インドは、28の州にわかれています。気候や歴史がおおきく影響し、州によって生活模様もさまざま。
今回は、ひろくてたくさんありすぎるインド料理のおはなしです。
“ 北インド料理ってなに? ”
みんながよくいう「北インド料理」。
「小麦粉が主食、ギーオイルを使ったこってり濃厚な味付けが特徴」このキーワードがあてはまる北エリアの料理は、『 ムガール料理 』と『 パンジャーブ料理 』です。
ムガール料理は首都ニューデリーがあるウッタル・プラデーシュ州、
そして、パンジャーブ料理はパキスタンとの国境付近の地域パンジャーブ州がそれぞれ本場になります。
どちらの地域も、小麦をつかったナン・チャパティなどが主食で、羊や鶏肉などノンベジ料理も数多くあります。
ギー・パニール(チーズ)・ヨーグルトなど乳製品をたくさんつかい、豊かで贅沢な味わいが特徴的です。
ムガール料理は、イスラム帝国時代に宮廷で発展した料理で、インドでもっともリッチな料理です。実はインド人がふだんは食べないナンが登場するのも、このムガール料理です。
パンジャーブ料理もムガール料理同様で、特にタンドリーチキンなど焼釜をつかったタンドール料理の本場でもあります。
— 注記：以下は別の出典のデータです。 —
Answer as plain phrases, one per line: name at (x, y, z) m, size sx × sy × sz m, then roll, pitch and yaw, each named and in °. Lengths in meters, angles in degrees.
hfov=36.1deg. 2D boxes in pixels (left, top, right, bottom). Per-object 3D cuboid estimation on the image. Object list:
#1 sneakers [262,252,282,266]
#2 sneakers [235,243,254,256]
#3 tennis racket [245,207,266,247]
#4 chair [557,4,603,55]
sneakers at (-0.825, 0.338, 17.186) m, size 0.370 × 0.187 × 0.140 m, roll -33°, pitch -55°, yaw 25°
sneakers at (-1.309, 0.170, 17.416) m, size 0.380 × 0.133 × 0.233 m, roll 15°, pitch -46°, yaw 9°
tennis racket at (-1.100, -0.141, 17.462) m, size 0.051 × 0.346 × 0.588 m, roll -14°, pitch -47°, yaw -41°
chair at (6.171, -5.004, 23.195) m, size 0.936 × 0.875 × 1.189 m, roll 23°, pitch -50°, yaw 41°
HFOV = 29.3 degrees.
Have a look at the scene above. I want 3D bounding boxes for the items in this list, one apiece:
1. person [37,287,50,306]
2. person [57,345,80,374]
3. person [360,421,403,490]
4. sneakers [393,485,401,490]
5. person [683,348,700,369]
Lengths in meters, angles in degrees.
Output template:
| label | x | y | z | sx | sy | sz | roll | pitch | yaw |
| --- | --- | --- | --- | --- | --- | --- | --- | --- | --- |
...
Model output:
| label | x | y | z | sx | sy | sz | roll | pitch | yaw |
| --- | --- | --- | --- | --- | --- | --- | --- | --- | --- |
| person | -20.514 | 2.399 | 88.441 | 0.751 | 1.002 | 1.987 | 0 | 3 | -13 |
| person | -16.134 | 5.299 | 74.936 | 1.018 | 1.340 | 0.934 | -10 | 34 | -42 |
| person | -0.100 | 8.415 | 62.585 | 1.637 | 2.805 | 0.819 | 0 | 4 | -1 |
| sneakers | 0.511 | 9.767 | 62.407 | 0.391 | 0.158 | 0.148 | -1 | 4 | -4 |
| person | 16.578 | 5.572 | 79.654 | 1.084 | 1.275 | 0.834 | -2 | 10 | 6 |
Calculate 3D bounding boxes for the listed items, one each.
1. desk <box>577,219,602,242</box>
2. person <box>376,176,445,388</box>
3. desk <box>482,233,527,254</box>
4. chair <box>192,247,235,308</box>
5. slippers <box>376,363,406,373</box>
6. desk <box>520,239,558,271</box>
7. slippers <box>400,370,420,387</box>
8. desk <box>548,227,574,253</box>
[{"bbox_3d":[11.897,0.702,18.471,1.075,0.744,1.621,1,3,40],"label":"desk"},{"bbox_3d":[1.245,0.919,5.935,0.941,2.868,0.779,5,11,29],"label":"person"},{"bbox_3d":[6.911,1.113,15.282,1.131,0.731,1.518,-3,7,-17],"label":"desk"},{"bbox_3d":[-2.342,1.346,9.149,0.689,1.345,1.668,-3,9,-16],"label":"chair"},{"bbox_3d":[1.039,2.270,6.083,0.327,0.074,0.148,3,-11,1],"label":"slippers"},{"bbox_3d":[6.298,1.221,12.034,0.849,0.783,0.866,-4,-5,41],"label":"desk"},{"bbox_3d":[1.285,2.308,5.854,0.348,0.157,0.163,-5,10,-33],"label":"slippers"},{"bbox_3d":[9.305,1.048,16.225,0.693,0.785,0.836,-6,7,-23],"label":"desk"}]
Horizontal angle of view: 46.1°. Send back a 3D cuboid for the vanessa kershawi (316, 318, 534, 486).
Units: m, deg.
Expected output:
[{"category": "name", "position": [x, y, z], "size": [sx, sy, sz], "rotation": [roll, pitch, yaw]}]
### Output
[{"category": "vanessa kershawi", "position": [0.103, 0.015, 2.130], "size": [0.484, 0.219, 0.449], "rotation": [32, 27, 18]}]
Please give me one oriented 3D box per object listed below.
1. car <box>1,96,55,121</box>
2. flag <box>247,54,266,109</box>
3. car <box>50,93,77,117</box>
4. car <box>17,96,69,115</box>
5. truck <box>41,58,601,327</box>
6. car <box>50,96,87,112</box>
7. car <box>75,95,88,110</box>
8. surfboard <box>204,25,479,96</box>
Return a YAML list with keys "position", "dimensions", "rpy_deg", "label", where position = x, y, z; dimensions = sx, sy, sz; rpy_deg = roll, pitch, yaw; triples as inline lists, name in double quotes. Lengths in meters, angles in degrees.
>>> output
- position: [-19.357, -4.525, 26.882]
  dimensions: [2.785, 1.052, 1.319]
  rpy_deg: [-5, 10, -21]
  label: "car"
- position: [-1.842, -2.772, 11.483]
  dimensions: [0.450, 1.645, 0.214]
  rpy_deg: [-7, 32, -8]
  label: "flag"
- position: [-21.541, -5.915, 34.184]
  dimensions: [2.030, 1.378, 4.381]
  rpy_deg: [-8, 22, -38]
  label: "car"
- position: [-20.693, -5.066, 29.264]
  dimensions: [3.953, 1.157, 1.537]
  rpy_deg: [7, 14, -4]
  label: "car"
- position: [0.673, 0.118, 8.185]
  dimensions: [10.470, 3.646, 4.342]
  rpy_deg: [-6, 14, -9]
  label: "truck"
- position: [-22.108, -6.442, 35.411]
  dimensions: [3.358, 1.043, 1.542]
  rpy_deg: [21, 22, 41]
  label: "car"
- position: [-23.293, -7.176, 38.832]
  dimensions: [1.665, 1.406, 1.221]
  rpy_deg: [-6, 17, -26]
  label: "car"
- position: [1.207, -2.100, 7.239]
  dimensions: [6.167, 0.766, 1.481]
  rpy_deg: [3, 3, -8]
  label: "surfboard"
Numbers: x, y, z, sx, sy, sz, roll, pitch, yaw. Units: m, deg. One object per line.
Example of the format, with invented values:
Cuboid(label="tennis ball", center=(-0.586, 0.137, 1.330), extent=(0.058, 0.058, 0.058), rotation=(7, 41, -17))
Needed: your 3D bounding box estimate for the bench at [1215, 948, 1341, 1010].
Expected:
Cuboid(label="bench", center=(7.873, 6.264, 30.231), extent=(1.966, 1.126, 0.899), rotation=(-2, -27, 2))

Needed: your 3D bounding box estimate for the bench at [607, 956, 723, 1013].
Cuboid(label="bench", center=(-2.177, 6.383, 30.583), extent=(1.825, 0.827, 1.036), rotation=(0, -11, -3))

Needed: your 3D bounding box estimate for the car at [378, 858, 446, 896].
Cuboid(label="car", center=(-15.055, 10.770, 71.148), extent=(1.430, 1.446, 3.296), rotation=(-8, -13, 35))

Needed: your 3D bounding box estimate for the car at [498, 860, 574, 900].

バターチキンマサラ(カレー)・チャナマサラ・チキンティッカ・サモサなど、わたしたち日本人でもよく目にするインド料理は、ほとんどがこのふたつの地方から誕生しました。
“ バナナの葉っぱの上の南インド料理 “
最近、日本でも人気がでてきた南インド料理。
お米を中心に、サラッとしたカレーや魚介類がたくさんつかわれ日本人のくちにもよく合います。
そんな南インド料理の本場は、ケララ州『 ケララ料理 』と
タミルナードゥ州『 タミル料理 』です。
バスマティライスや赤米、ポンニライスなど、お米の種類もさまざまです。
お米と一緒にたべるカレーは、スープのようにサラっとしていて、酸味のきいたラッサムやサンバルなどが代表的です。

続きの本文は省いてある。